2:19pm.
I cleared the desk of everything, even the lamp, and set before me a square telephone in the center of the desk, then sat down and pulled the telephone toward me, very cautiously, into my lap. And I called the hospital. They hadn't admitted a girl with no hands.
It was all very curious, and so I dialed for the Sheriff's Station. Similarly, they had not received any reports of a girl found with no hands.
But I saw the girl with my own eyes, spread out calmly, longways on the sidewalk, with her arms placed at either side. In the dark it had looked as if the girl's hands were simply buried in her jeans pockets, and that she were passed out, but the closer I came to her, I could see that if the hands were buried anywhere, they weren't around here, and the girl was not sleeping or passed out, she was bleeding profusely. The supermarket towered over this side of the street in either direction for a block. Across the street, in the empty lot of the closed strip mall, there was nothing, and nobody. There were no hands lying around, bleeding on the concrete.
But the frayed end of her wrists were bleeding everywhere, pooled in the cracks of the sidewalk underneath her, creating stained splotches at the bottom of her t-shirt and the thighs of her jeans.
Nervously, I plunged my own hands deep within the comforting warmth of my dress pants and held my head low, walking away from the girl on the sidewalk.

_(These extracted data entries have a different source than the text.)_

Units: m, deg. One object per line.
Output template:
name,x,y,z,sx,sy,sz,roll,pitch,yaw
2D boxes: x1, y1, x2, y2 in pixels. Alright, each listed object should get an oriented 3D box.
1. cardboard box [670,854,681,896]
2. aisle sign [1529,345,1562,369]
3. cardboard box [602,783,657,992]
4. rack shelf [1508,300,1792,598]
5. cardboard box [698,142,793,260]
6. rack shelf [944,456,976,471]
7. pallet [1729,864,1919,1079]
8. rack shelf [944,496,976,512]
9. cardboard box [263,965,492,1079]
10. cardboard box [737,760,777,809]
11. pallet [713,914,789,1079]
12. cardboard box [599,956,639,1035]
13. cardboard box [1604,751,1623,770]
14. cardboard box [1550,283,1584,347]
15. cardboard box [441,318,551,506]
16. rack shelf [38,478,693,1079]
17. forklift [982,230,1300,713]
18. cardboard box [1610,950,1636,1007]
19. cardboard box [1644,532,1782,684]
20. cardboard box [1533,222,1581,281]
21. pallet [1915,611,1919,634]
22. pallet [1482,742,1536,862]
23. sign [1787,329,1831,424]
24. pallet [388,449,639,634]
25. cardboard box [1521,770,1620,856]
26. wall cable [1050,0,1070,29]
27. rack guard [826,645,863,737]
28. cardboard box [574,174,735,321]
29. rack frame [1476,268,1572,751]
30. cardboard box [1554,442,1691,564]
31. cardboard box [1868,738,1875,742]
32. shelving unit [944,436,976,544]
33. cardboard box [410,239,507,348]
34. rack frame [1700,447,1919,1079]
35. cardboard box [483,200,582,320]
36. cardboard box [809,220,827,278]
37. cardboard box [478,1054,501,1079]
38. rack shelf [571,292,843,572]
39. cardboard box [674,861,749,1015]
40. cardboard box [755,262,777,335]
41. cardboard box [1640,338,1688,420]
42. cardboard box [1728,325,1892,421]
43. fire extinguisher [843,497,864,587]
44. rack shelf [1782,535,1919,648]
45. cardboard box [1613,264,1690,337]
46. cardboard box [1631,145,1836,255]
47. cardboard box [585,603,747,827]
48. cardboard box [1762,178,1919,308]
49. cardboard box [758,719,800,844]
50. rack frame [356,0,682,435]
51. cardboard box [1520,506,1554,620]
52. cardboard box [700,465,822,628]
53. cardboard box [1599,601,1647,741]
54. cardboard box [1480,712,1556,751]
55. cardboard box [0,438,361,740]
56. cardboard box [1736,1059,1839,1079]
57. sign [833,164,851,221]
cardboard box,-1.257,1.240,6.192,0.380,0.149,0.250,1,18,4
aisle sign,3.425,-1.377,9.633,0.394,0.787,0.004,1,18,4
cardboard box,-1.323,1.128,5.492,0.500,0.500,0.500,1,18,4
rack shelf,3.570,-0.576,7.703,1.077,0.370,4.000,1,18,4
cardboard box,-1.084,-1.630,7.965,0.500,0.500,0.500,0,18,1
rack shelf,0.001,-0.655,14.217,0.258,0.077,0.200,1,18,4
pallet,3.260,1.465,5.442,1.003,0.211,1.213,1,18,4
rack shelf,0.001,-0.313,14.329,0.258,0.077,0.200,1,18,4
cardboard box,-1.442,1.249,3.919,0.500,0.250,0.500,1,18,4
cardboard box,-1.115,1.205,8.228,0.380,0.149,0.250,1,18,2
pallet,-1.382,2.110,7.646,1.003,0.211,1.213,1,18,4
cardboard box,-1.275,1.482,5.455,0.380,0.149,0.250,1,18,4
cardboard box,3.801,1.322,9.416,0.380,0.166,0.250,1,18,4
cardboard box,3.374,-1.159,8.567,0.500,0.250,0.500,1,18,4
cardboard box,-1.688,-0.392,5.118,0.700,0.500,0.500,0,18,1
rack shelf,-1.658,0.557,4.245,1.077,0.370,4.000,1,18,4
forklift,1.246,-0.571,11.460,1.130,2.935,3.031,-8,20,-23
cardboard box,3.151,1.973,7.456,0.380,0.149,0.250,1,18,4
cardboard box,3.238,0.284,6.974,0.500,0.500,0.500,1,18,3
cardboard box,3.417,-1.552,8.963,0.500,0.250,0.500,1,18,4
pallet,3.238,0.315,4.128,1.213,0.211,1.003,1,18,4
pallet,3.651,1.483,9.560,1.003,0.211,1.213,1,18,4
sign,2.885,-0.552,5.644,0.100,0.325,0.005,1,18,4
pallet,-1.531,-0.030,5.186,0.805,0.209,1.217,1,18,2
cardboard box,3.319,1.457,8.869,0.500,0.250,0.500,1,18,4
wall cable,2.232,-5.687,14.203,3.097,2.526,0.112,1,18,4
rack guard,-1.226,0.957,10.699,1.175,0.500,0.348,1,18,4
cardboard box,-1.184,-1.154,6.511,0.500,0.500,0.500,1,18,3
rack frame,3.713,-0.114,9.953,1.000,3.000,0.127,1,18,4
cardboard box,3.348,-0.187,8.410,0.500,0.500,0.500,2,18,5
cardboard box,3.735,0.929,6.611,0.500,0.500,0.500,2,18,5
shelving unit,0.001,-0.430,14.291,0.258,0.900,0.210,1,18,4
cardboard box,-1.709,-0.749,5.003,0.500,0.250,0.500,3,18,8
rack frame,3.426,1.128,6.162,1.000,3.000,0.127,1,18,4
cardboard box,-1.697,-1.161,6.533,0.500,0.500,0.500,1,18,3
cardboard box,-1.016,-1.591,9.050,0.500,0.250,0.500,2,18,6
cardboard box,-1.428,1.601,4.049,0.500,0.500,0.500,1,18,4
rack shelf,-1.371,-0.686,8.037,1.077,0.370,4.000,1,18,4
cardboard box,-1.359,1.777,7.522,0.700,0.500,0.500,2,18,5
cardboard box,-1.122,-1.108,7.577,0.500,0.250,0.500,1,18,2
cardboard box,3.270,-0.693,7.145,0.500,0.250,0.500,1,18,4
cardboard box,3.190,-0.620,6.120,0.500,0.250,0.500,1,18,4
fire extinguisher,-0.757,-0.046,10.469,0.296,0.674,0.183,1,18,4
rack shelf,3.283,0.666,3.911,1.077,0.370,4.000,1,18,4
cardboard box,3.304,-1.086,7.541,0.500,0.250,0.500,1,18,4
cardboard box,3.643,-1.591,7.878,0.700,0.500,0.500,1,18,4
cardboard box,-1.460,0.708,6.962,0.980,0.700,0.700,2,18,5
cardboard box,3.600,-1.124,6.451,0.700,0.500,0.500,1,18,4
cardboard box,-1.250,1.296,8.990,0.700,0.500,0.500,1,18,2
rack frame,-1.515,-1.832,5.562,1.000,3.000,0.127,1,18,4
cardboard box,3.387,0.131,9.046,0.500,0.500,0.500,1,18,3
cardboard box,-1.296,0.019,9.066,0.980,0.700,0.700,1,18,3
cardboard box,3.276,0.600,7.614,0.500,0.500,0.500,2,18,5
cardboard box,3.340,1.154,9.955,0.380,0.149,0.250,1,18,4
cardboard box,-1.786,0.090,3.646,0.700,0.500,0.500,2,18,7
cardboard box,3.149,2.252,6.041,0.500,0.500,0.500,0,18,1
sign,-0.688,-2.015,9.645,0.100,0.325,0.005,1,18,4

I stopped in at the all-night bakery for some orange juice and toast, sitting in the corner booth, listening to an older gentleman ruffling the hem of a newspaper at the bar. Steam curled up in delicate dreamy clouds over his cup of coffee. On a small white glass plate next to the cup of coffee was a fork and what looked like crumbles of soft cake, with a little frosting scraped off onto the side of the plate. The two ladies behind the counter of the bakery were actually knitting. From my corner booth by the window I could almost make out the supermarket down the road, but it was kind of blurred by the darkness and the trees that blocked the streetlamps from lighting this view.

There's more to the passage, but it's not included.